I trimmed my beard to look like I hadn't shaved in three days. It looked like I’d been eating dirt.
3
Whenever someone says 'three days,' they mean 'as long as I want.' It's like a lie that everyone just goes along with.
He said it would take three days. I waited a week and he still wasn't done. Three days is a lie!
She said I had to wait three days. I waited ten. Three days is just a number people make up.
He said he'd be back in three days. Now it's been three weeks. Three days is a joke.
4
A secret part of the bro code that decides how long you wait before calling a girl. If you're a 7-8, you wait three days. If you're lower, you're a failure.
I’m an 8, so I had to wait three days. I called her on day four and she was annoyed. I was right.
I’m a 6, so I waited one day. She called me back and I felt like a loser.
I’m a 5 and I didn’t call her at all. She called me and I felt like a nobody.
5
The day Halo 3 came out. That day, the world stopped. Or at least my life did.
I played Halo 3 on September 25th. I forgot to eat, sleep, and breathe. It was like a religion.
That day was September 25th, and I didn’t care about anything else. I was in heaven.
I didn’t even know the date. I just knew that Halo 3 came out and I was a god.
6
When you start shaving and your beard isn’t ready by 5 o’clock. It’s three days later and you still look like a baby.

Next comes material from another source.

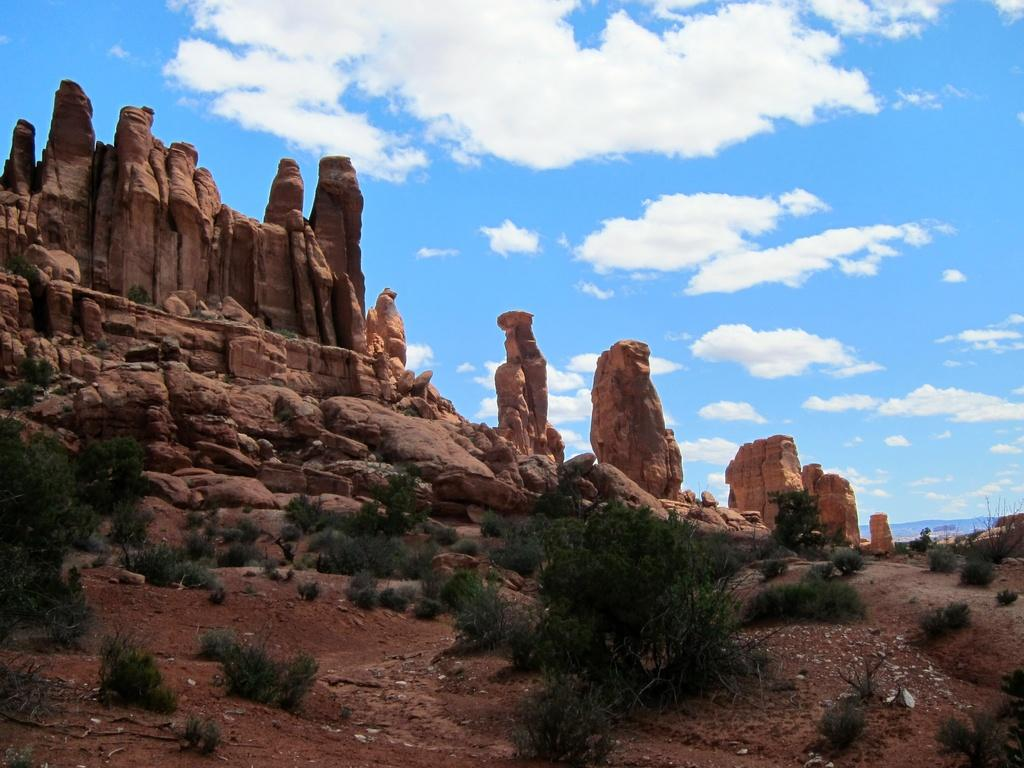What type of living organisms can be seen in the image? Plants can be seen in the image. What else is present in the image besides plants? There are rocks in the image. What can be seen in the background of the image? The sky is visible in the background of the image. What is the condition of the sky in the image? Clouds are present in the sky. What type of parcel is being delivered to the plants in the image? There is no parcel present in the image, and no indication of a delivery being made.

I shaved my face and my beard wasn’t ready by 5 o’clock. I looked like a baby with a beard.
He had a three-day beard. It looked like he had just been born.
I shaved and my beard was still baby soft after three days. I looked like a newborn.
7
A rule that says you can't call a girl you just met for three days, or you're a creepy loser.
I called her after two days. She said I was a creepy loser. I was right.
He called her after one day. She said he was a creepy loser. He was right.
I called her after three days. She said I was a loser. I was wrong.